Why not use the same names as in the qemu implementation? (suspend/resume)

We already used "save" (and "load") for saving/loading a snapshot, internally that is.

afbjorklund avatar Nov 18 '24 06:11 afbjorklund

Why not use the same names as in the qemu implementation?

Because its behavior differs from the QEMU implementation.
In the QEMU implementation, suspend does not save the VM state to disk, and resume does not restore the saved VM state.

norio-nomura avatar Nov 18 '24 06:11 norio-nomura

Right, then it is a good thing to use different names. Actually the commands were called STOP and CONT in qemu.

For suspending to disk, the state is also called SUSPEND (standby/S3) or SUSPEND_DISK (hibernate/S4). My bad.

afbjorklund avatar Nov 18 '24 06:11 afbjorklund

The changes to ensure that the same lima.yaml and cidata.iso are used for save/restore might potentially evolve into a snapshot implementation. Therefore, I would like to address those in a separate PR.

norio-nomura avatar Nov 18 '24 11:11 norio-nomura

I've applied the review suggestions.
I made changes to past commits and force-pushed, so please fetch the latest and review again.

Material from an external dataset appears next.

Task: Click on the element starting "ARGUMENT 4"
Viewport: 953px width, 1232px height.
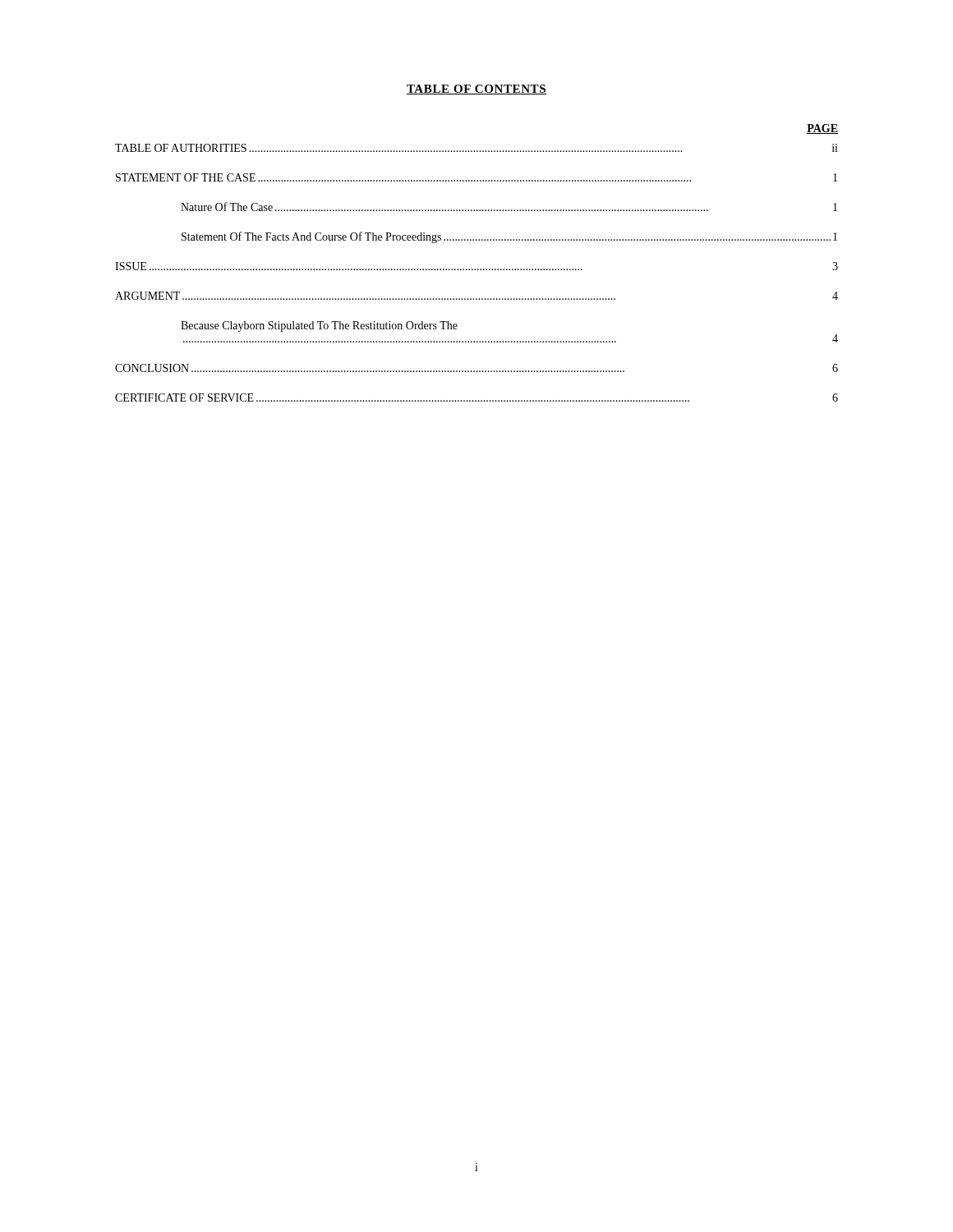Action: point(476,296)
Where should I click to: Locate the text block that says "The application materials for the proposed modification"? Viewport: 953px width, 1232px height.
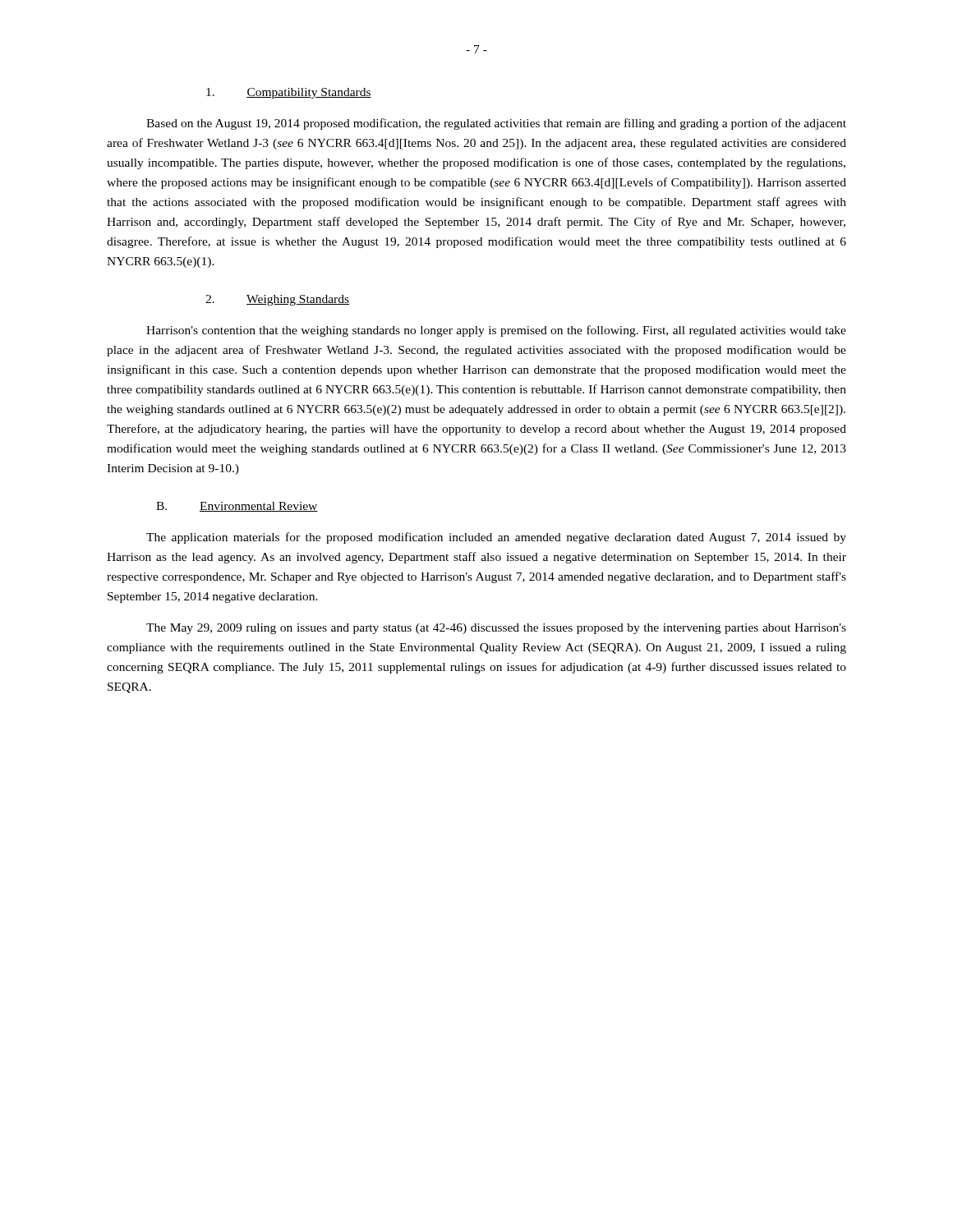coord(476,567)

norio-nomura avatar Nov 19 '24 01:11 norio-nomura

I force-pushed to remove a stray code block that had no effect.

norio-nomura avatar Nov 19 '24 02:11 norio-nomura

I have other priorities to focus on, so I converted this to a draft for now.

norio-nomura avatar Nov 28 '24 00:11 norio-nomura

Needs rebase

AkihiroSuda avatar May 07 '25 05:05 AkihiroSuda

@AkihiroSuda How do Lima VMs created with the VZ driver behave when a M-series Mac suspends/sleeps and wakes up? Does Apple's VZ handle this automatically?

Are these save/restore commands discussed in this issue only needed to allow the user to save VM state manually? I'm assuming that suspending the laptop should not result in undefined behavior/corrupted VMs?

msimkunas avatar Jul 14 '25 18:07 msimkunas